The plain case is that the owners, remaining in possession of the vessel, agreed to transport therein, at a- certain speed, such cargo as a second party should engage to carry. The second party personally engaged with another that the ship should carry the cargo at such speed, the contract therefor taking the form of a subcharter. The owners carried the cargo, but at such reduced speed as to ruin or impair it. It is palpable that the owners authorized the second party to represent and to obligate itself, as the apparent owner of the vessel, to transport the cargo at the specified speed. Hence the vessel would be bound as if the owners undertook the carriage, or as if there had been a demi.se of the vessel.
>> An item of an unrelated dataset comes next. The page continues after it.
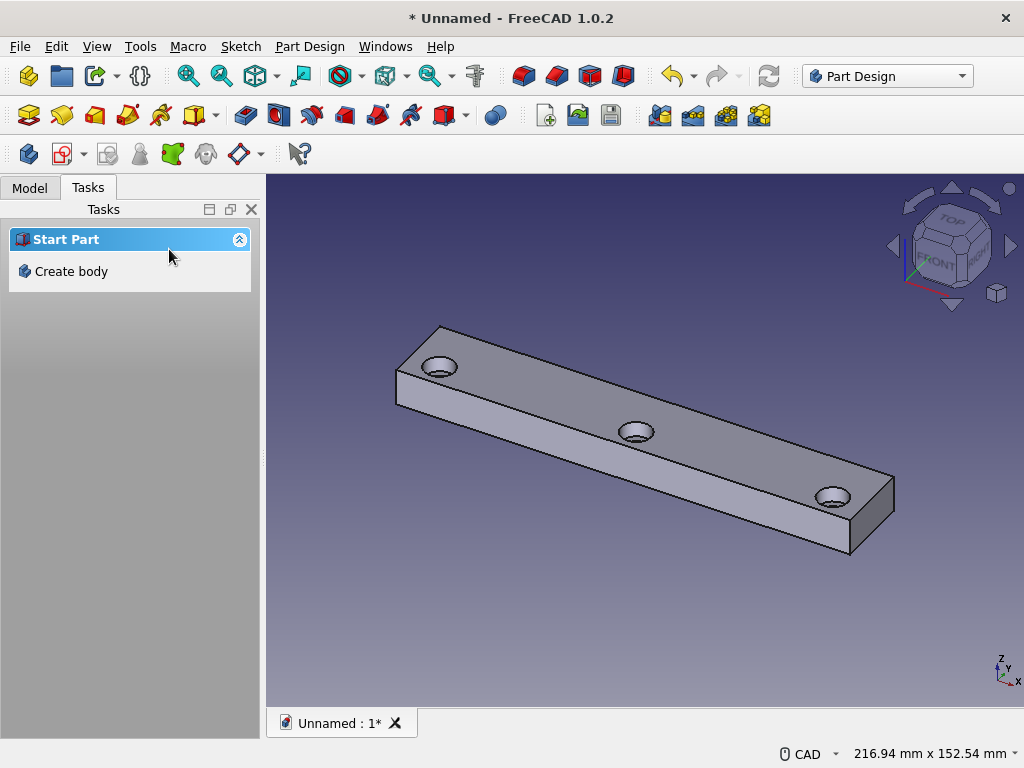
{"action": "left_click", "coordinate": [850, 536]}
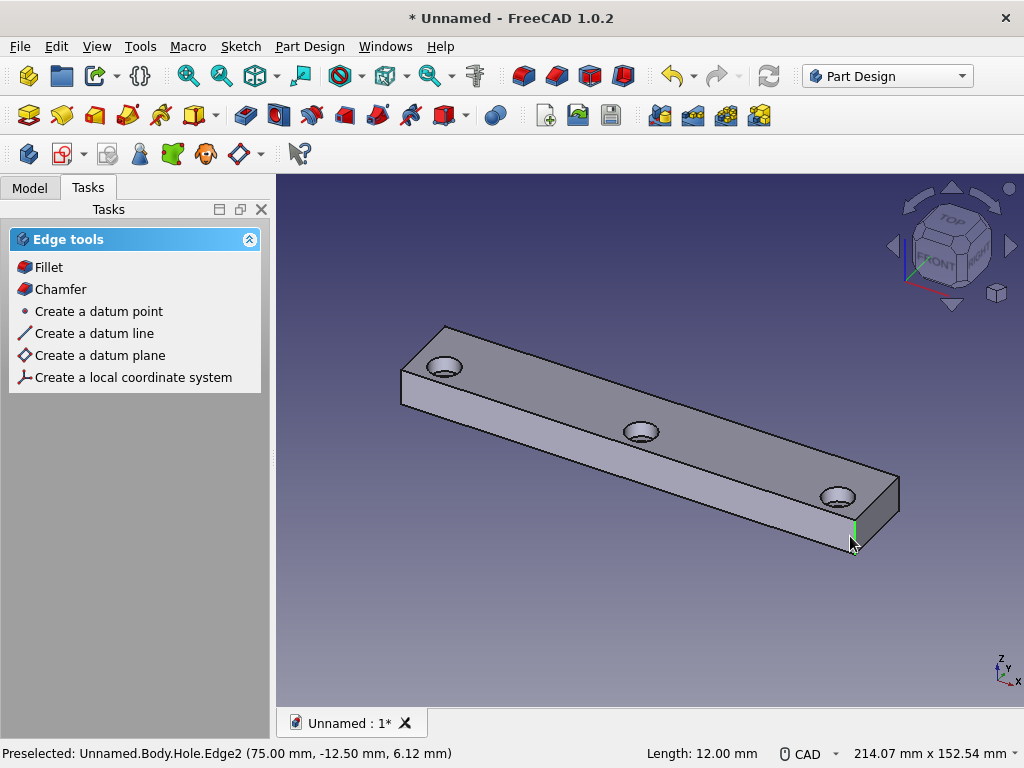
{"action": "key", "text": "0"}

The charterer did stand in the place of the owners for the purpose of its contracts of affreightment. It could assign its charter party, or by subcharter transfer all its rights of use or issue bills of lading. Whether the libelant shipped the goods under a bill of lading, a subcharter, each containing the warranty, or under an assignment of the original charter, such lien accrued upon breach of the warranty. If the charter party had been assigned, he would have maintained his action against the owners and the vessel. The Baracoa (D. C.) 44 Fed. 102. If bills of lading had been issued, the case would have been similar to The Centurion (D. C.) 57 Fed. 412; The T. A. Goddard (D. C.) 12 Fed. 174.
The exceptions should be overruled, with leave to answer.